GIAC customers and certified professionals who violate any principle of the Code may be subject to disciplinary action by GIAC. Sanctions include, but are not limited to:
- Revocation of certifications and/or forfeiture certification attempts
- GIAC/SANS participation ban
- Reporting of violation to management and/or other certifying organizations
- Public posting of ethics violation case details.
Exam Integrity Policy
GIAC takes exam integrity very seriously, as evidenced by the GIAC candidate agreement, GIAC code of ethics, and other exam related policies. Each of those documents describes procedures used by GIAC to ensure exam integrity.
Candidates are expected to complete exams independently, based on information mastered through individual preparation. Answering a question correctly due to exposure to exam content is different than answering a question correctly due to mastery of the associated knowledge area. The former situation is a violation of GIAC program rules.
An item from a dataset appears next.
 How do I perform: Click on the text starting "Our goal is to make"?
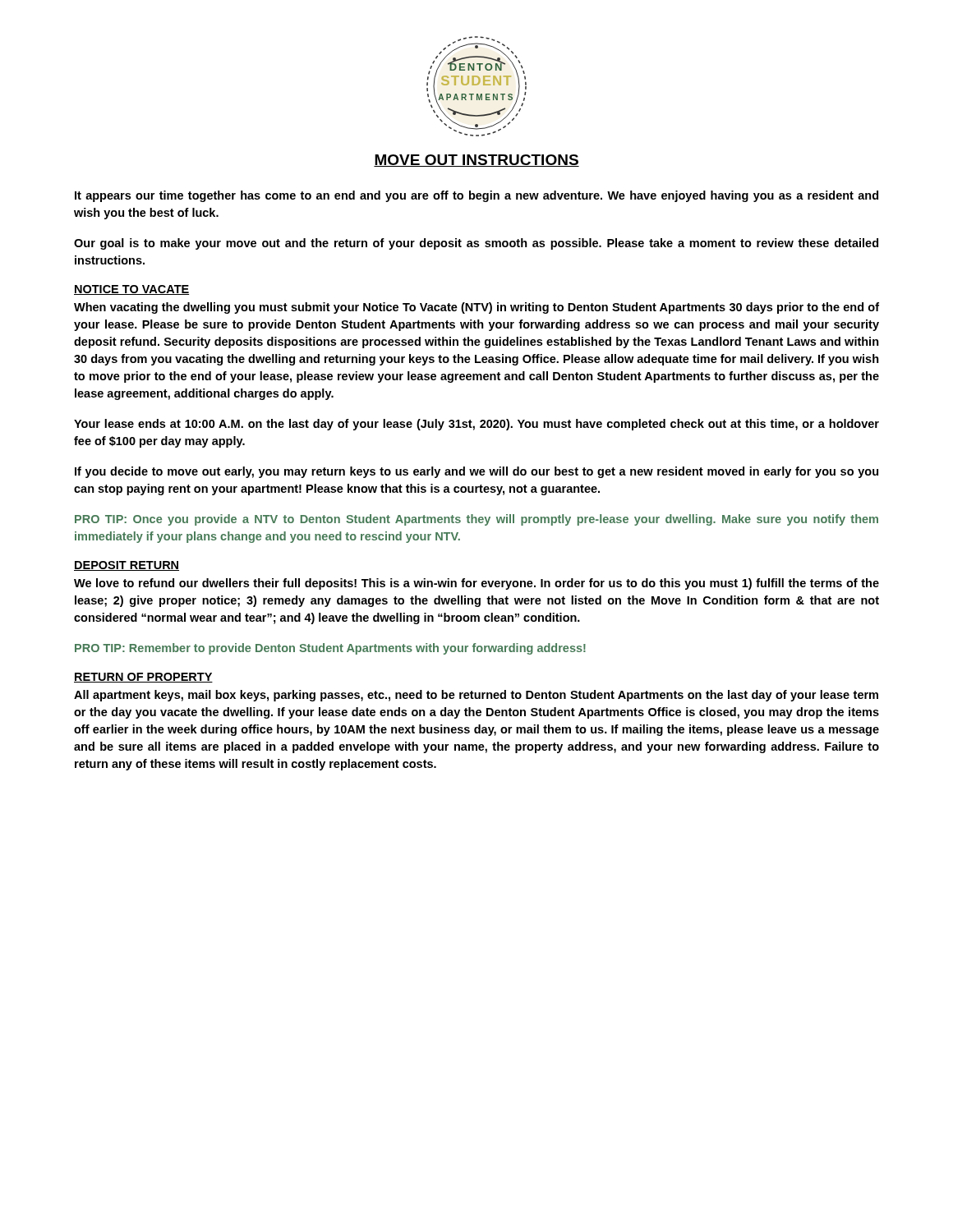coord(476,252)

Candidates may not ever take any action(s) to provide assistance or
receive assistance related to undermining the validity of specific
content presented on any GIAC exam. You may not share or accept
knowledge of test content, including questions or answers at any time or
by any means. In fact, the reputation of GIAC credentials lies in the
fact our exams accurately measure your mastery of specific content and
thus, the value to you of a credential is significantly harmed if other
candidates receive unfair assistance or cheat.
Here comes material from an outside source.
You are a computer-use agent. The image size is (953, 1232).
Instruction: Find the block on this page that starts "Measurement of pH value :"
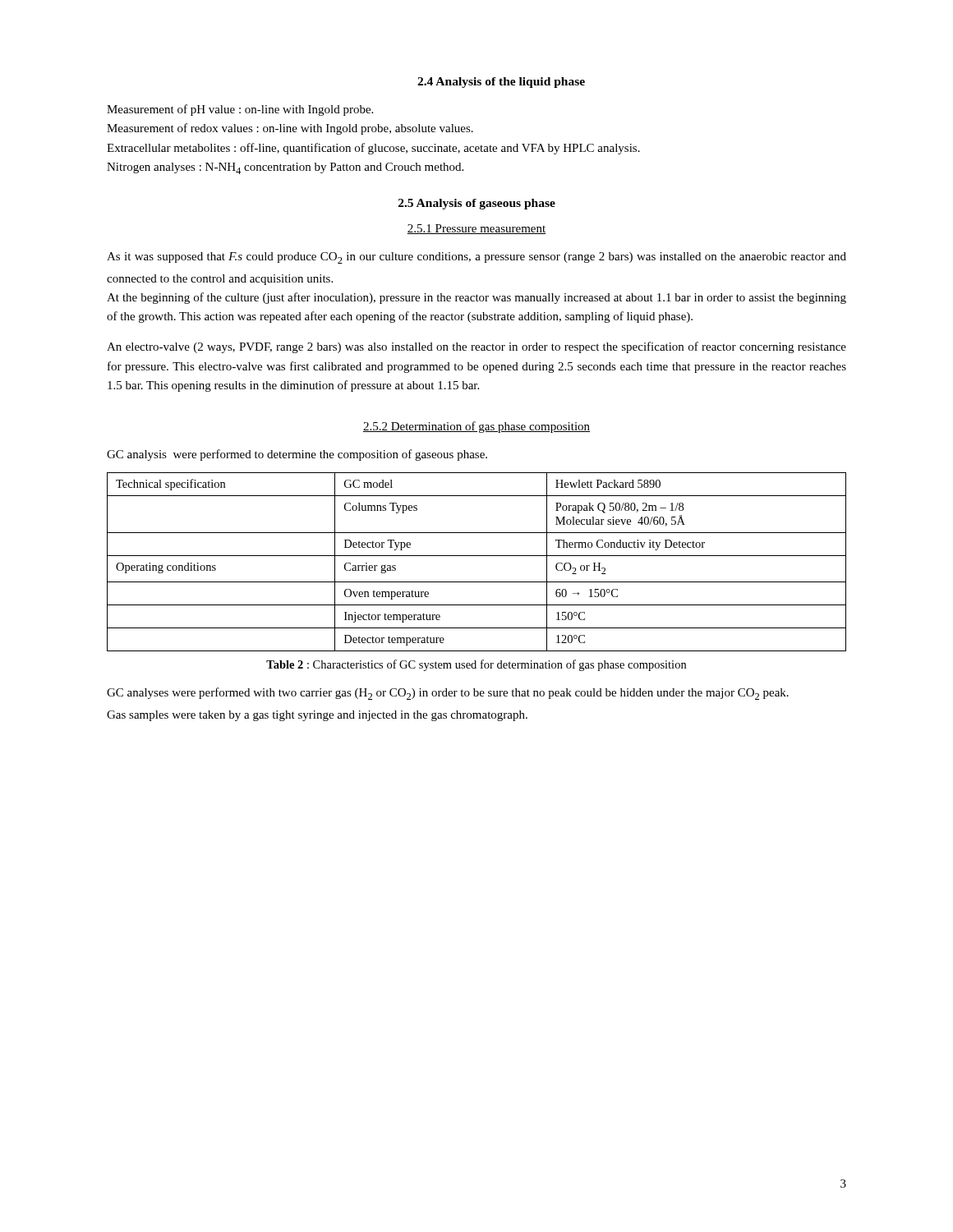(x=374, y=140)

There are many areas related to exam integrity you should consider
before, during and after your exam administration. Below are some areas
to focus on:
Maintaining the Confidentiality/Security of Exam Content
The following are examples of specific actions that are prohibited. This list is not all-inclusive.
- Using unauthorized material in preparing for and attempting to earn a GIAC certification.
- Any use of or reference to "exam dump" sites, which contain actual or possible GIAC questions and/or answers.
- Any copying, screen capturing, disclosing, sharing, publishing, selling, posting, distributing, or even talking about specific exam content before, during or after an exam because those actions compromise the integrity of the GIAC exams.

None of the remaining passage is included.